The problem ▸ Set the pictures aside and return each record below precisely as written.
Start of Entries shown
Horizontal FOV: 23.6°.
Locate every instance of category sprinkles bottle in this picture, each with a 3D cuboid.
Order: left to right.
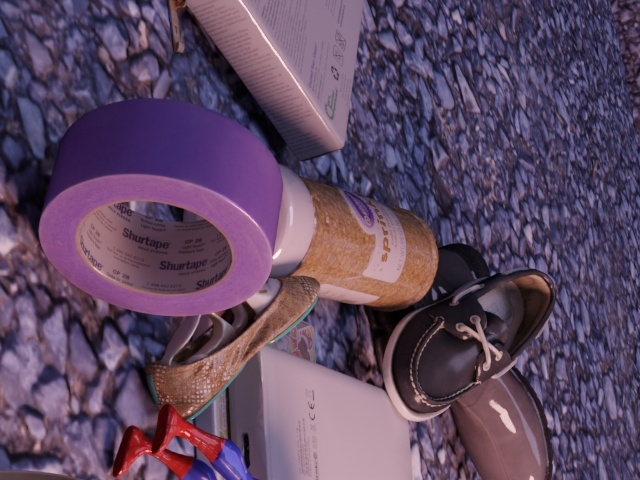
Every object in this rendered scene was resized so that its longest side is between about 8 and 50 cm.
[{"bbox_3d":[0.000,0.000,1.569,0.355,0.121,0.121,15,64,-62],"label":"sprinkles bottle"}]

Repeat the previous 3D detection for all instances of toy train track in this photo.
[{"bbox_3d":[-0.142,-0.226,1.517,0.048,0.014,0.083,16,64,-61],"label":"toy train track"}]

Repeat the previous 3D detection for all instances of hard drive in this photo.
[{"bbox_3d":[0.009,0.227,1.504,0.307,0.040,0.203,29,53,-57],"label":"hard drive"}]

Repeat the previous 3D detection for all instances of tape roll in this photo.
[{"bbox_3d":[-0.128,-0.023,1.240,0.189,0.189,0.080,50,35,-42],"label":"tape roll"}]

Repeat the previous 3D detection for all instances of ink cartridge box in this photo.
[{"bbox_3d":[-0.059,-0.308,1.658,0.330,0.071,0.324,54,30,-35],"label":"ink cartridge box"}]

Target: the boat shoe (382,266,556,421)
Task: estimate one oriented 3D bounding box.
[{"bbox_3d":[0.171,0.104,1.717,0.114,0.091,0.302,61,36,-10],"label":"boat shoe"}]

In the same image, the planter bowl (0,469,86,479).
[{"bbox_3d":[-0.201,0.237,1.023,0.162,0.162,0.109,-30,132,-64],"label":"planter bowl"}]

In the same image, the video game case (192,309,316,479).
[{"bbox_3d":[-0.057,0.168,1.476,0.206,0.026,0.227,30,51,-57],"label":"video game case"}]

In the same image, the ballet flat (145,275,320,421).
[{"bbox_3d":[-0.078,0.077,1.364,0.206,0.073,0.067,-45,117,-36],"label":"ballet flat"}]

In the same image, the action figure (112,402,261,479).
[{"bbox_3d":[-0.046,0.263,1.277,0.280,0.091,0.139,32,48,-25],"label":"action figure"}]

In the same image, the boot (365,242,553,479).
[{"bbox_3d":[0.152,0.172,1.829,0.223,0.118,0.338,-15,81,-60],"label":"boot"}]
End of Entries shown
Completed task ▸
Horizontal FOV: 23.6°.
Locate every instance of category sprinkles bottle in this picture, each with a 3D cuboid.
Order: left to right.
Every object in this rendered scene was resized so that its longest side is between about 8 and 50 cm.
[{"bbox_3d":[0.000,0.000,1.569,0.355,0.121,0.121,15,64,-62],"label":"sprinkles bottle"}]

Repeat the previous 3D detection for all instances of toy train track in this photo.
[{"bbox_3d":[-0.142,-0.226,1.517,0.048,0.014,0.083,16,64,-61],"label":"toy train track"}]

Repeat the previous 3D detection for all instances of hard drive in this photo.
[{"bbox_3d":[0.009,0.227,1.504,0.307,0.040,0.203,29,53,-57],"label":"hard drive"}]

Repeat the previous 3D detection for all instances of tape roll in this photo.
[{"bbox_3d":[-0.128,-0.023,1.240,0.189,0.189,0.080,50,35,-42],"label":"tape roll"}]

Repeat the previous 3D detection for all instances of ink cartridge box in this photo.
[{"bbox_3d":[-0.059,-0.308,1.658,0.330,0.071,0.324,54,30,-35],"label":"ink cartridge box"}]

Target: the boat shoe (382,266,556,421)
Task: estimate one oriented 3D bounding box.
[{"bbox_3d":[0.171,0.104,1.717,0.114,0.091,0.302,61,36,-10],"label":"boat shoe"}]

In the same image, the planter bowl (0,469,86,479).
[{"bbox_3d":[-0.201,0.237,1.023,0.162,0.162,0.109,-30,132,-64],"label":"planter bowl"}]

In the same image, the video game case (192,309,316,479).
[{"bbox_3d":[-0.057,0.168,1.476,0.206,0.026,0.227,30,51,-57],"label":"video game case"}]

In the same image, the ballet flat (145,275,320,421).
[{"bbox_3d":[-0.078,0.077,1.364,0.206,0.073,0.067,-45,117,-36],"label":"ballet flat"}]

In the same image, the action figure (112,402,261,479).
[{"bbox_3d":[-0.046,0.263,1.277,0.280,0.091,0.139,32,48,-25],"label":"action figure"}]

In the same image, the boot (365,242,553,479).
[{"bbox_3d":[0.152,0.172,1.829,0.223,0.118,0.338,-15,81,-60],"label":"boot"}]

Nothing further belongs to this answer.